One of the great things about the Unreal engine is that we could quickly drop new sounds in and test them. It’s important for this process to be as fast as possible so you can iterate rapidly, and we had it moving along at a pretty incredible pace by the end of the project. We would have the game’s editor open on one screen, our sound tools on the other, and we’d just generate WAVs, drag and drop them into the world and see how they fit with the rest of the environment. From finished WAV file to in-game and running took less than 60 seconds.
DS: There a lot of different weapons based on real creations, also new weapons, explosions and all kind of destruction. What did you guys wanted to offer on this aspect?
JS: The weapons and explosions are some of the most complicated sound events coming out of Singularity.
The traditional weapon sounds were designed from original field recordings provided to us by Activision. Earlier versions of the weapon and explosion sounds were mono, but we ended up switching them out with stereo assets to make them sound bigger and wider. To accentuate the stereo field we used distinct sounds for each channel that were similar enough to sound natural, but different enough to provide a great, widened stereo field.
Explosions typically have two layered assets (close and distant), whereas weapons have a minimum of three layers that consist of the main firing sound, an exterior reverberant late-reflection sound and finally a long-distance sound.

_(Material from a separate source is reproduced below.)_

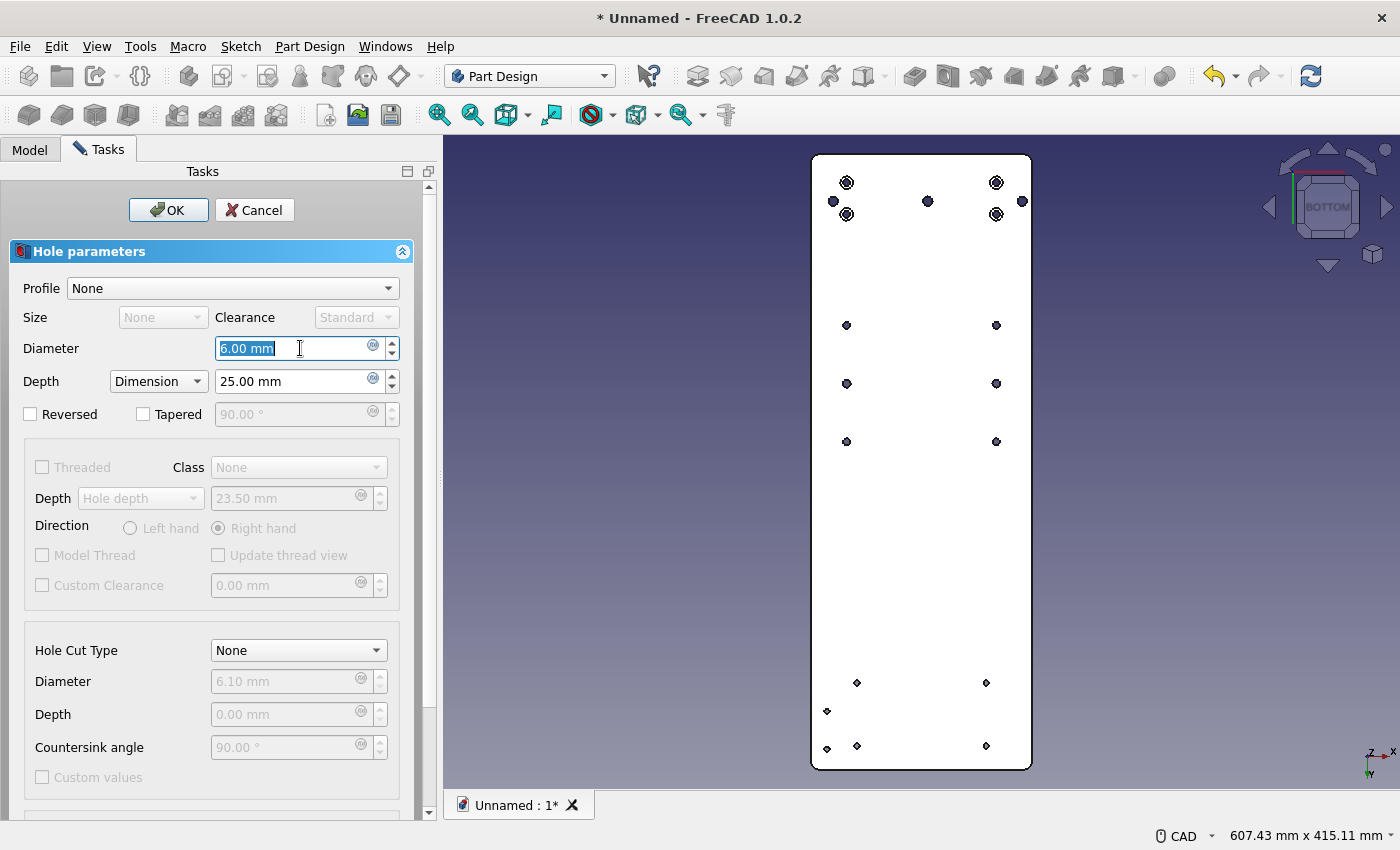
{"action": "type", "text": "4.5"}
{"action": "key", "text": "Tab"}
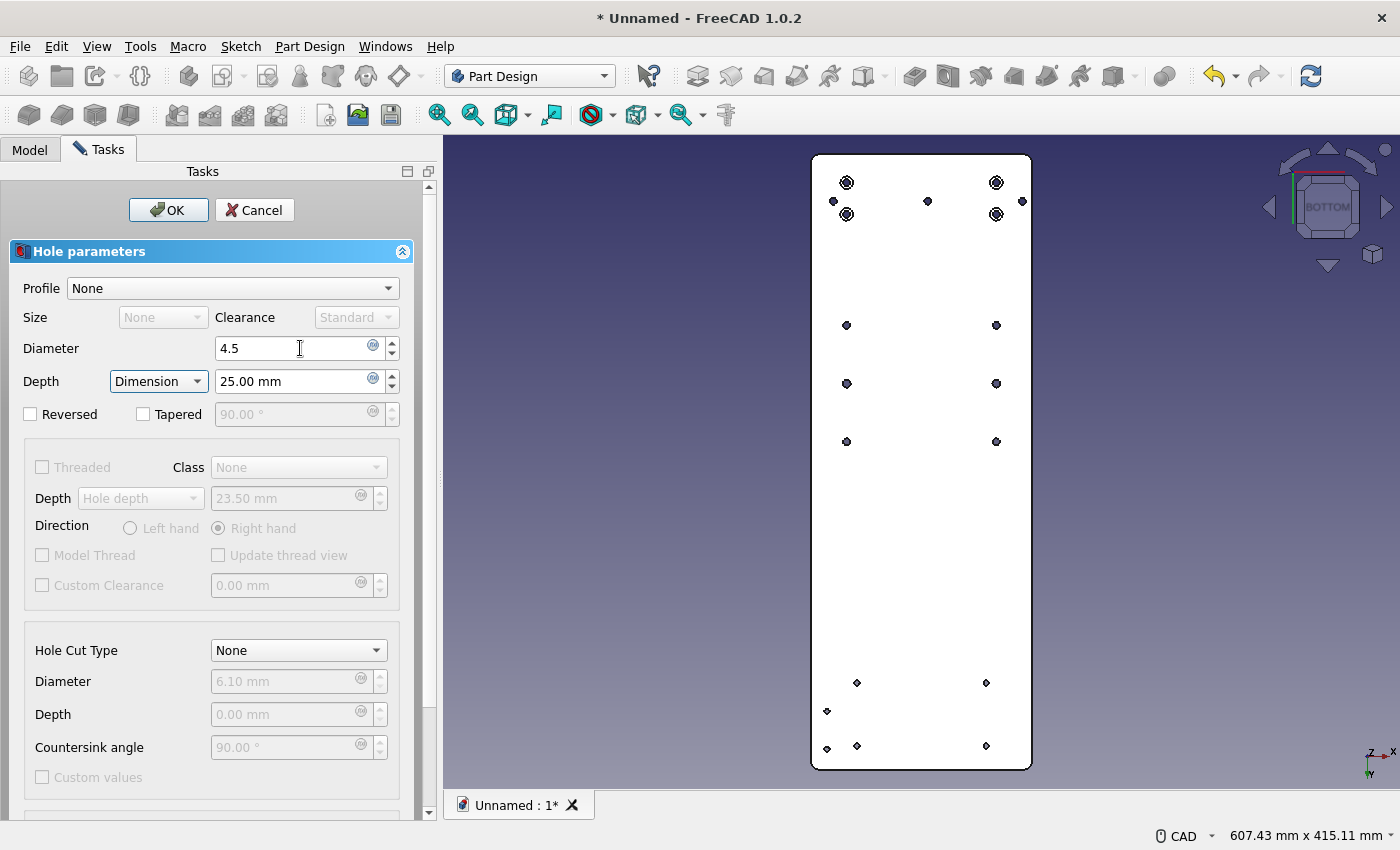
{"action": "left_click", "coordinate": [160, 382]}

The stereo weapon firing sounds use mixing that calculates the distance and collapses the sound to mono dynamically at the furthest point. In surround sound configurations, the stereo channels are mapped to the quadraphonic speakers based off its direction. This means that the sound plays normally when the sound is in front of the player, but the output channels will change if fired from the sides or behind the player. When fired from the left side, the left channel of the sound is played in the surround left speaker, whereas the right channel is played out of the front left, giving you a stereo sound from the side.
The exterior late-reflection element is a quadraphonic sound that is dynamically toggled on and off via our audio occlusion system, as it determines when a sound is played in an interior or exterior location. In a surround sound configuration, this really helps make the weapon sounds feel like they are bouncing off of the distant environment surrounding the player.
The long-distance element fades in as you move away from the sound source and has a low-pass filter applied the further away you move from it.
The final aspect of the weapons and explosions is how they use our dynamic mixing system. Each weapon and explosion sound applies ducking that has a hand-crafted envelope over time to suit the envelope of the sound. The distance and amplitude of the weapon or explosion dictates the amount of ducking to do, so sounds played further away will not duck the mix. The end result allows all weapons and explosions to cut through the mix up close without clipping, and to subtly duck things out when at medium to long ranges.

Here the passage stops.